A review by cubanita
Incidental Inventions by Elena Ferrante

4.0

This is not my favorite Ferrante book, but since I find her voice so compelling, I raced through the book anyway, recognizing, like an old friend, some of the essays that I had already read when they first appeared in the Guardian. The essays that had stayed with me still felt as strong, like the one about mothers that says, "For a long time, I felt that to stop loving her was the only way I had to love myself" and the one about linguistic nationalism which contains the treasured line I have been quoting for over three years now: "Translation is our salvation: it draws us out of the well in which, entirely by chance, we are born." Some of the other essays felt less memorable and I think the overall effect of gathering them all together in one volume only highlights this.
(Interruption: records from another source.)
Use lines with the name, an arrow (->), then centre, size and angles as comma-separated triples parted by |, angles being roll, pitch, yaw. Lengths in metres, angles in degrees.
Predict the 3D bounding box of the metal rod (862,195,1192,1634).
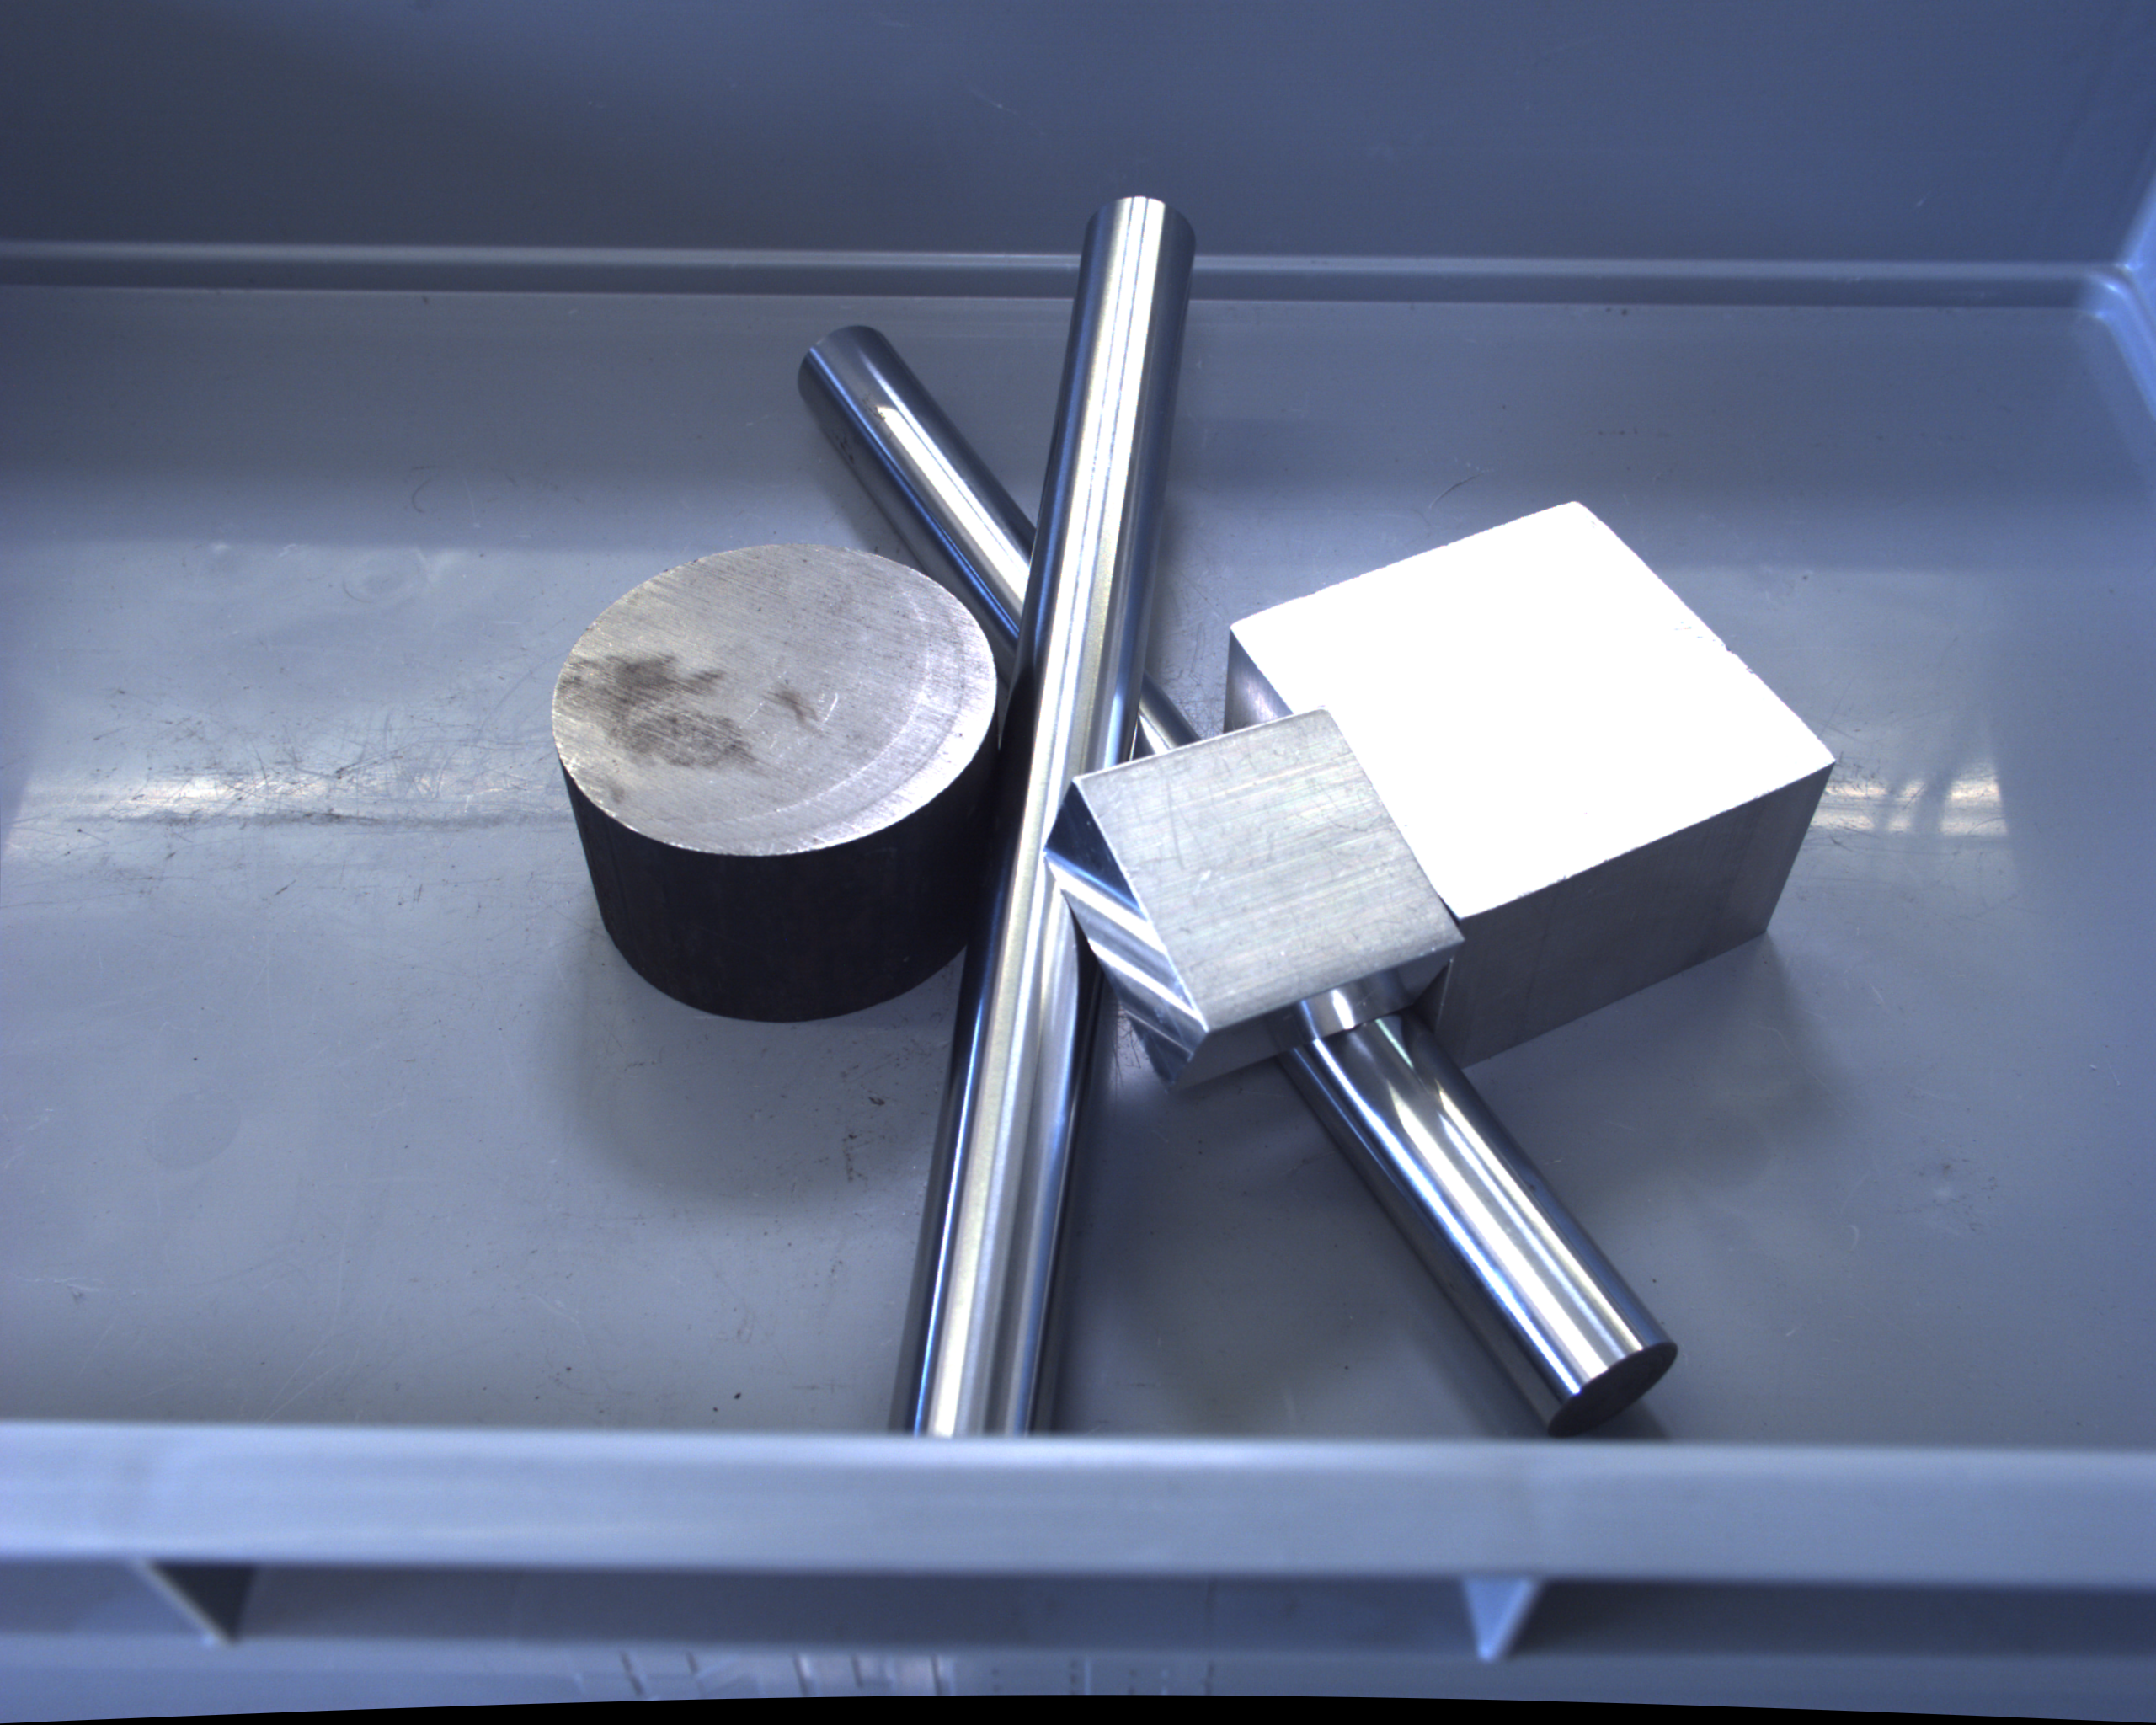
metal rod -> -0.003, -0.014, 0.389 | 0.025, 0.025, 0.300 | 5, 58, 4

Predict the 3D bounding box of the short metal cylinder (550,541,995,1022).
short metal cylinder -> -0.056, -0.016, 0.400 | 0.081, 0.050, 0.080 | 1, 50, 0

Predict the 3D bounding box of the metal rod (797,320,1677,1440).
metal rod -> 0.015, -0.017, 0.417 | 0.025, 0.025, 0.300 | -22, 54, -18

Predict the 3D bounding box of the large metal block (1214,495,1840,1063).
large metal block -> 0.081, -0.016, 0.400 | 0.081, 0.050, 0.080 | -21, 53, -17

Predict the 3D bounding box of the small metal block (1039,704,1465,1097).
small metal block -> 0.029, 0.006, 0.357 | 0.050, 0.025, 0.050 | -17, 67, -24

Nevertheless, even less-than-memorable writing by Ferrante is still good writing and the brevity of this book makes it perfect for keeping on hand to read while waiting in line at your child's school pick-up, for example, or late at night when you are too tired to read more than a page or two. (Or maybe your attention span has been wrecked by pandemic disaster scrolling? This book would be good for those in that predicament as well.) The accompanying illustrations by Andrea Ucini, which appeared alongside her Guardian columns, are delightful. And, of course, the translation is impeccable, doing an excellent job of explaining some of the particularities of the Italian language to which Ferrante refers.